La démocratie est communément définie comme une forme de gouvernement donnant le pouvoir au peuple, à travers le droit de vote. Pour Joëlle Zask, cette définition formelle est très largement insuffisante. La démocratie est en effet également une organisation sociale et une culture fondée sur un ensemble de valeurs partagées (ex : égalité, liberté, justice). Elle doit être pensée comme un écosystème, au sein duquel chaque individu est amené à « accomplir son cycle de vie », c’est-à-dire à réaliser ce qu’il a de propre en lui, ce qui fait sa singularité. La démocratie est ainsi « une fabrique d’individualités » qui luttent contre la tendance à l’uniformité. C’est à travers la notion d’écosystème, et donc de rapport, trop souvent occulté dans les sociétés modernes contemporaines, qu’on peut faire un premier lien entre démocratie et écologie.
Une démocratie représentative formelle et réductrice
Pour Joëlle Zask, le malaise démocratique actuel résulte d’un réductionnisme fatal : l’accent est mis sur la démocratie représentative, logée au sein d’un gouvernement face auquel les citoyens sont amenés à réagir après coup, comme les spectateurs du pouvoir auquel ils n’ont aucun moyen de participer. C’est une vision très amenuisée de la citoyenneté, dans laquelle le rôle de l’individu se limite à adhérer ou à contester les propositions soumises, sans pouvoir participer concrètement à la création des conditions de l’existence de cette démocratie.
Gouverner : « tenir le gouvernail »
Autre cause de la crise démocratique selon Joëlle Zask : une conception erronée du mode de gouverner. L’intellectuelle fait référence au philosophe grec Platon (Ve siècle avant JC)/ Gouverner, c’est « tenir le gouvernail ». A l’image d’un navigateur, il s’agit non pas de dominer (le bateau, l’équipage, la mer), mais de « tenir compte de tous les éléments qui pourraient dévier la route ». De fait, on peut établir un nouveau parallèle avec l’écologie : au lieu de chercher à dominer - la nature ou les hommes - il faut au contraire faire avec, intégrer tous les facteurs, en les faisant converger.

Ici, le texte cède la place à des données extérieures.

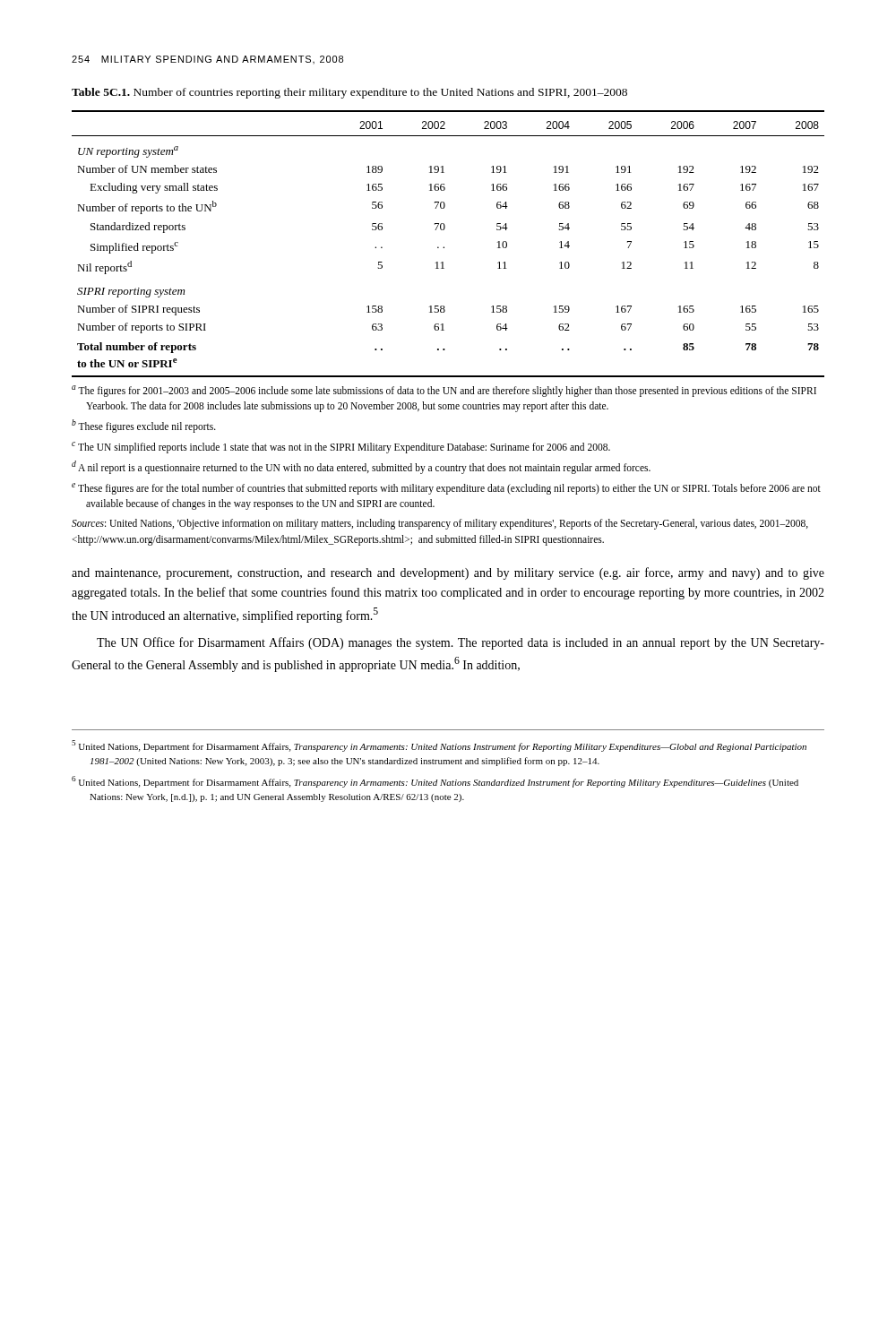Locate the block starting "b These figures"
896x1344 pixels.
[144, 425]

Gouverner, c’est développer des synergies fécondes, qu’elles soient naturelles ou humaines.
Les jardins partagés : un modèle de l’association étroite entre écologie et démocratie
Les jardins partagés constituent une parfaite illustration de cette relation étroite entre écologie et démocratie. Ils représentent en effet l’association entre du commun et de l’individuel : on partage du terrain, des semences, du compost, du matériel, de l’eau, mais en même temps chacun est responsable de son propre lopin de terre, cultive sa propre parcelle de jardin. Qui plus est, ces espaces partagés favorisent la sociabilité, deviennent des lieux d’échanges, de convivialité, permettant de récréer des liens sociaux, tout en redonnant une place à la nature au sein des activités humaines. Apprendre à faire des choses ensemble, à un niveau concret et local, permet de développer des pratiques démocratiques transposables à d’autres domaines.
L’expérience : le lien entre démocratie et écologie
C’est à partir de la notion d’expérience que Joëlle Zask définit le fonctionnement idéal d’une démocratie2, « qui doit mettre à la disposition des individus les outils qui leur permettent de s’auto-gouverner ». Elle insiste dans ses différents ouvrages sur la capacité de chaque individu à agir pour transformer la société, en étant source d’initiatives, de projets, d’innovations3, à travers des expériences personnelles lui permettant de « faire usage d’un des éléments de son environnement pour changer son environnement ». L’expérience suppose tout à la fois transformation et préservation de la capacité d’action. C’est autour de ce concept d’expérience que démocratie et écologie se rejoignent, à travers la capacité à transformer nos usages tout en préservant les conditions d’existence future des générations.
Comment reprendre la main ?
Malgré un certain pessimisme sur la situation actuelle de la démocratie à l’échelle internationale, compte tenu des rapports de forces disproportionnés, Joëlle Zask prône de revenir à la sagesse de La Boétie, humaniste du XVIe siècle célèbre pour son Discours sur la servitude volontaire : ne créons-nous pas nous-mêmes les chaînes qui nous emprisonnent ?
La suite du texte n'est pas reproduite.